## TASK DATA
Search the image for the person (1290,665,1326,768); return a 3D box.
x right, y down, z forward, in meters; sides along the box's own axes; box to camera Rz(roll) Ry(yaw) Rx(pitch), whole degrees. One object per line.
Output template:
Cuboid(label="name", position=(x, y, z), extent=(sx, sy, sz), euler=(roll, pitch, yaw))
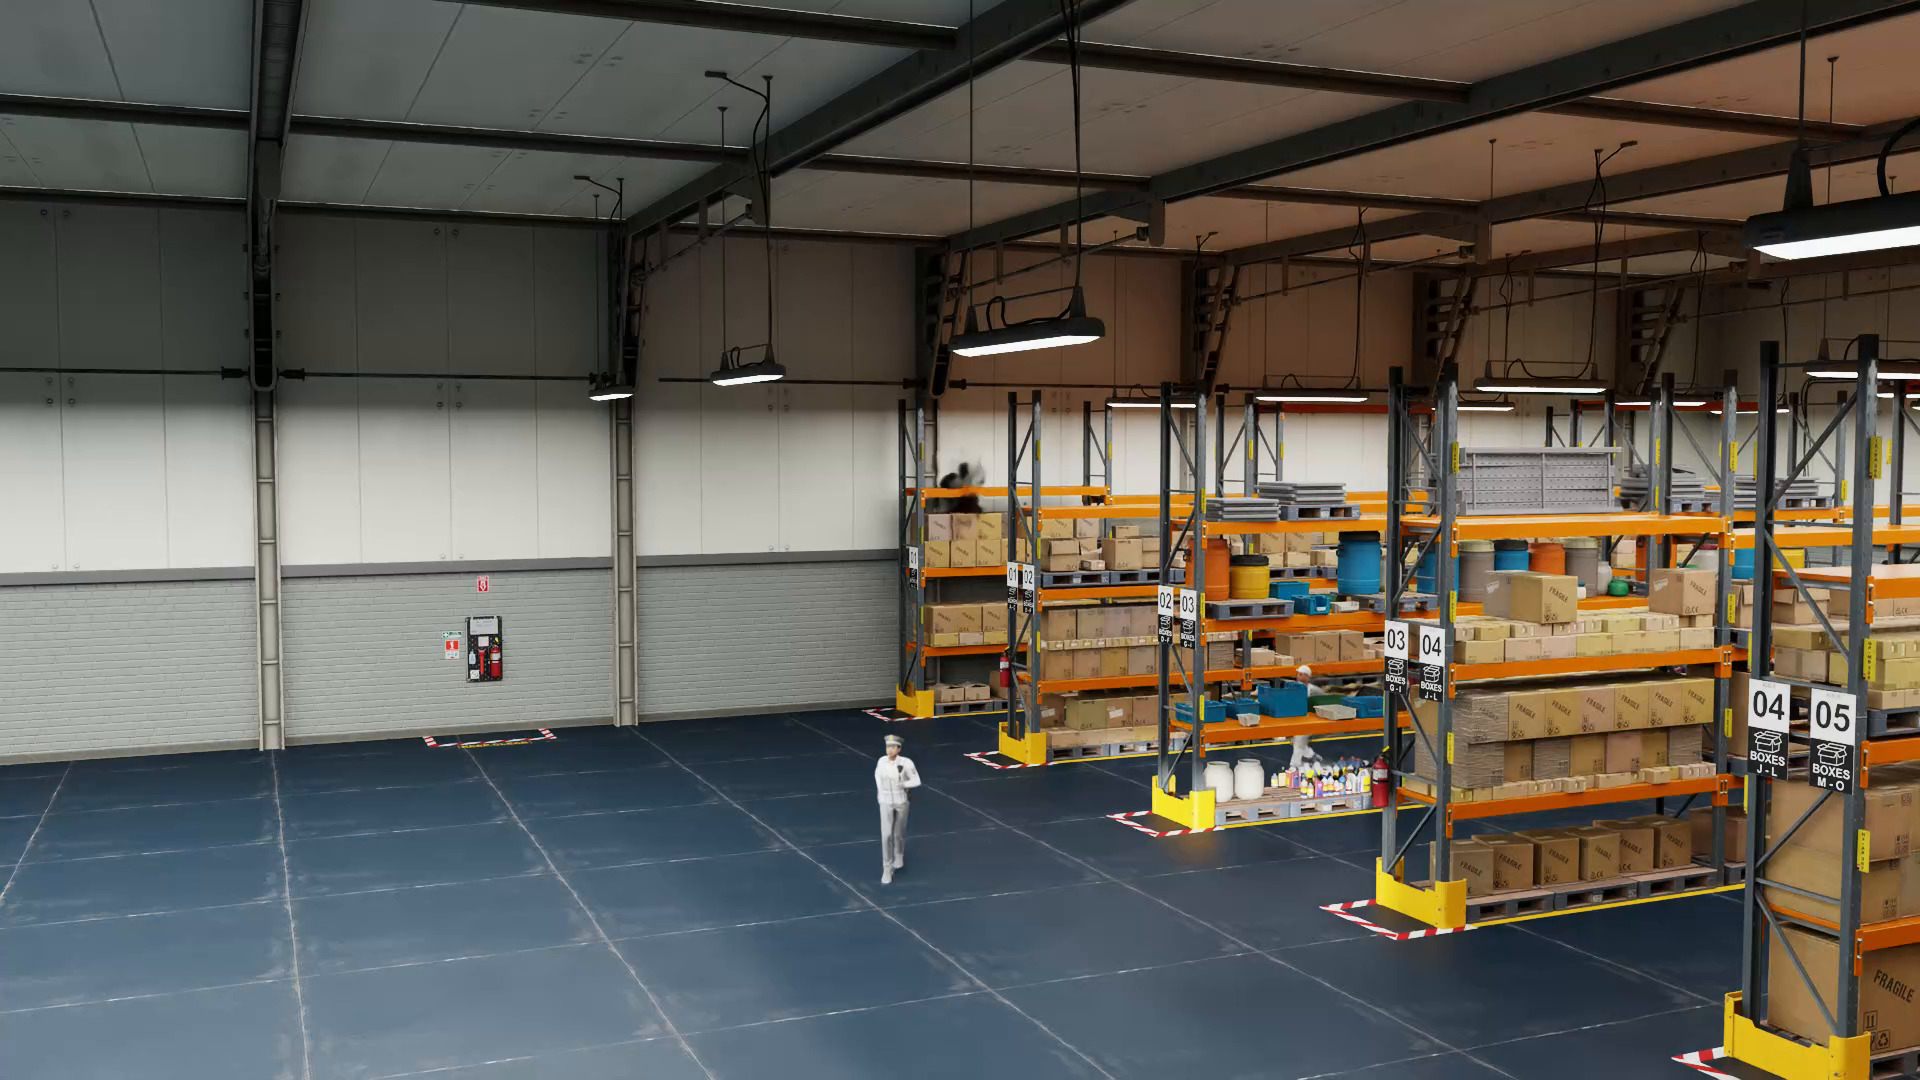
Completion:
Cuboid(label="person", position=(5.174, 2.780, 25.119), extent=(0.985, 1.776, 0.654), euler=(-2, 4, -33))

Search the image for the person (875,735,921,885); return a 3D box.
Cuboid(label="person", position=(-0.749, 3.165, 19.772), extent=(0.587, 1.748, 0.789), euler=(0, 3, 6))

## DIRECTIONS
Lines above with "pitch": state how many, nothing more.

## EXPECTED ANSWER
2